Regarding the subclass of prenylflavonoids, we have 5,7-dihydroxy-6-methyl-8-prenylflavanone and xanthohumol. This class of bioactive compounds are prenylated phenylalanine derivatives formed in the plant secondary metabolism and may be found in several species. The activity of this class relies on phytoestrogenic and antioxidant properties (63), and studies have shown that xanthohumol has anticancer, antidiabetic, antibacterial, and anti-inflammatory activities (64, 65). These characteristics may be related to its antioxidant capacity, since xanthohumol can act directly reducing the formation of ROS, or indirectly through the induction of cellular defense mechanisms against oxidative stress, thus contributing to the improvement of several diseases related to ROS (65–68). The presence of compounds such as xanthohumol in the FF may be traced back directly to the animal’s feed, since flavonoids and its derivatives are ubiquitous to the metabolism of several plant species, especially grasses such as B. decumbens and B. brizantha (69, 70), which were used in the pastures of the animals in this study.

Finally, the last marker found in the negative mode for the high fertility group was Prostaglandin M. Prostaglandins (PGE) are a group of physiologically active lipids due to their ability to generate hormonal responses in animals. PGE-M is a metabolite of PGE-2 (71), which in turn is directly linked to ovulation as it increases its levels when there is an increase in luteinizing hormone (72). PGE-2 is one of several signaling molecules that, together with the follicle, are able to coordinate oocyte maturation, and enhanced expression of proteases associated with follicle rupture, which ensures the release of an optimally mature oocyte during ovulation (73–75). Hence, the presence of PGE-M as a marker of the high oocyte number group is indicative of a higher performance of PGE-2 in the animals of this group.

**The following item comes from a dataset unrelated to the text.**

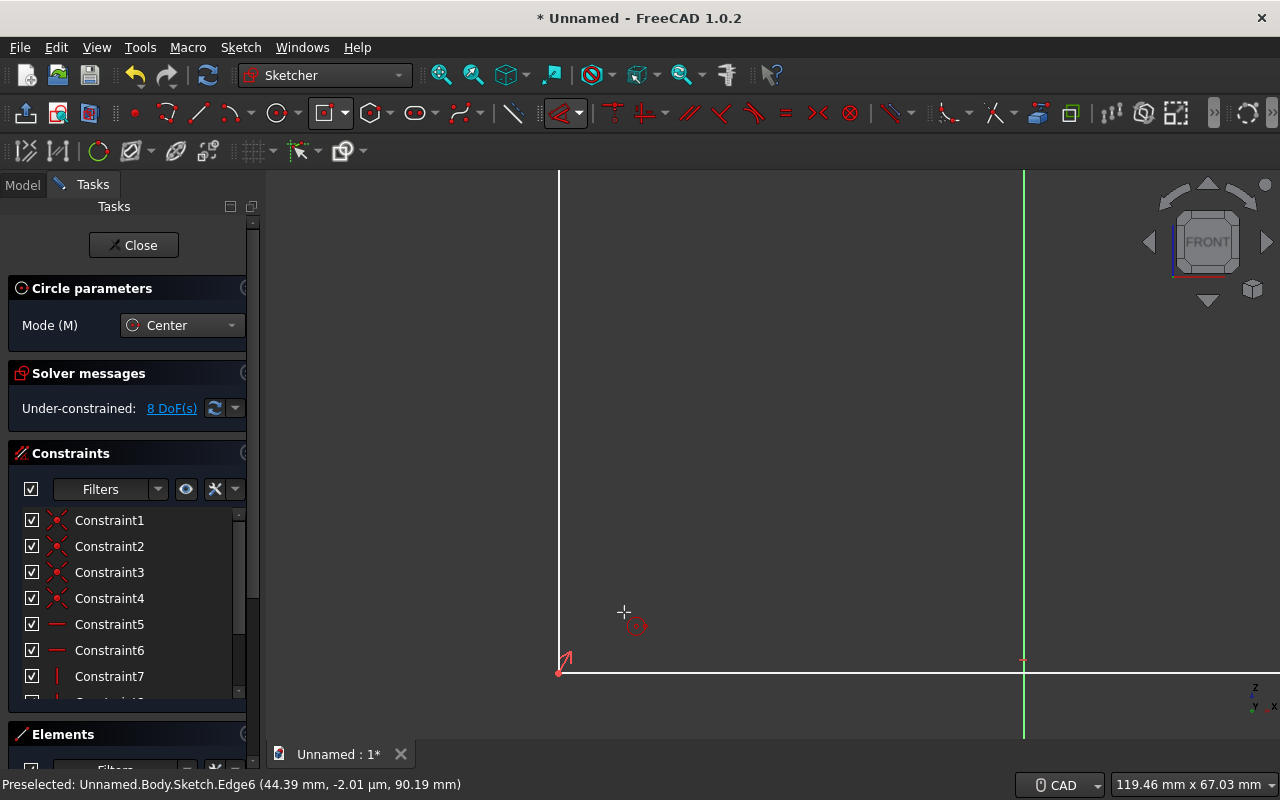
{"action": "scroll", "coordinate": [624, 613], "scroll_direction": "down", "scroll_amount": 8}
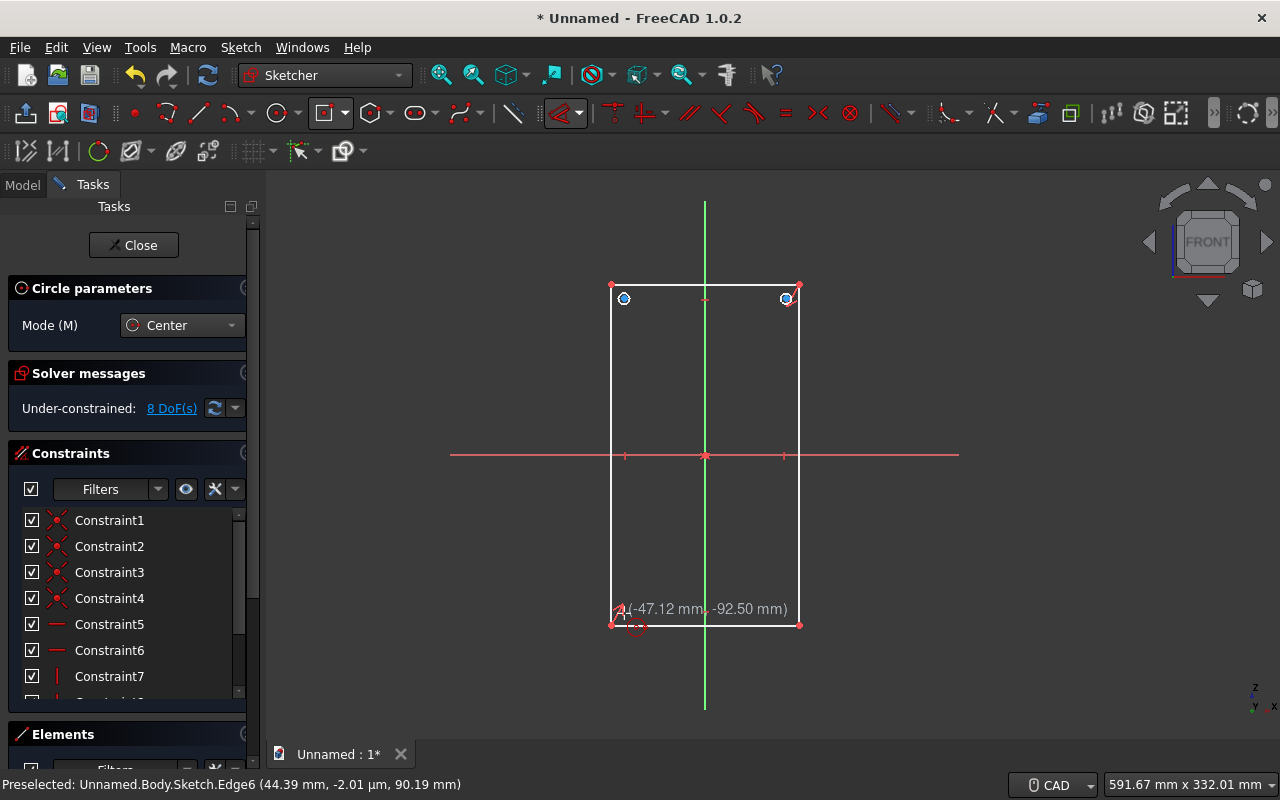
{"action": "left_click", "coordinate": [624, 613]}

Through our findings, it was possible to establish a link between markers found in bovine FF and oocyte quality/production rate. Incidentally, we expected that the relevant compounds were simply derived from feed and that are also potentially related to the increase of fertility in cows, since they were the chosen markers for the group of animals with higher production of oocytes. As we observed, however, the inflammatory status of the animals is what indeed plays a key role in the oocyte production and, ultimately survival; docosanoids and eicosanoids, the molecular classes observed in the low oocyte group, are well-known players involved in reactions that lead to inflammatory state in organisms. This provides evidence that, even though the feed is the same for both animal groups, there is an important depletion of antioxidants in the low oocyte group due to a potentially high oxidative stress to which these animals are subjected. Hence, antioxidants are in high levels for the high-oocyte animals and, therefore, were elected as markers, as opposed to the low-oocyte, which present an inflammatory picture, traced back from the molecular classes elected by PLS-DA.

Ethics Statement

The Institutional Committee for Ethics in Animal Research of the University of Campinas (UNICAMP) is the body responsible for approving the handling of cattle used in this study. This academic institution follows the Ethical Principles of Animal Research, as established by the Brazilian College for Animal Experimentation (COBEA). Protocol number 2819-1 refers to this process and the research was executed strictly in accordance with the Public Health Service Policy.

Author Contributions

RG, JV, and MA performed sample collection. TG performed experiments and wrote the manuscript. TG and CM performed data analysis. DO and EL performed manuscript review. RC idealized all experiments and managed the research group.

Conflict of Interest Statement

The author MA is employed by company Achilles Genetics. All other authors declare no competing interests of any kind.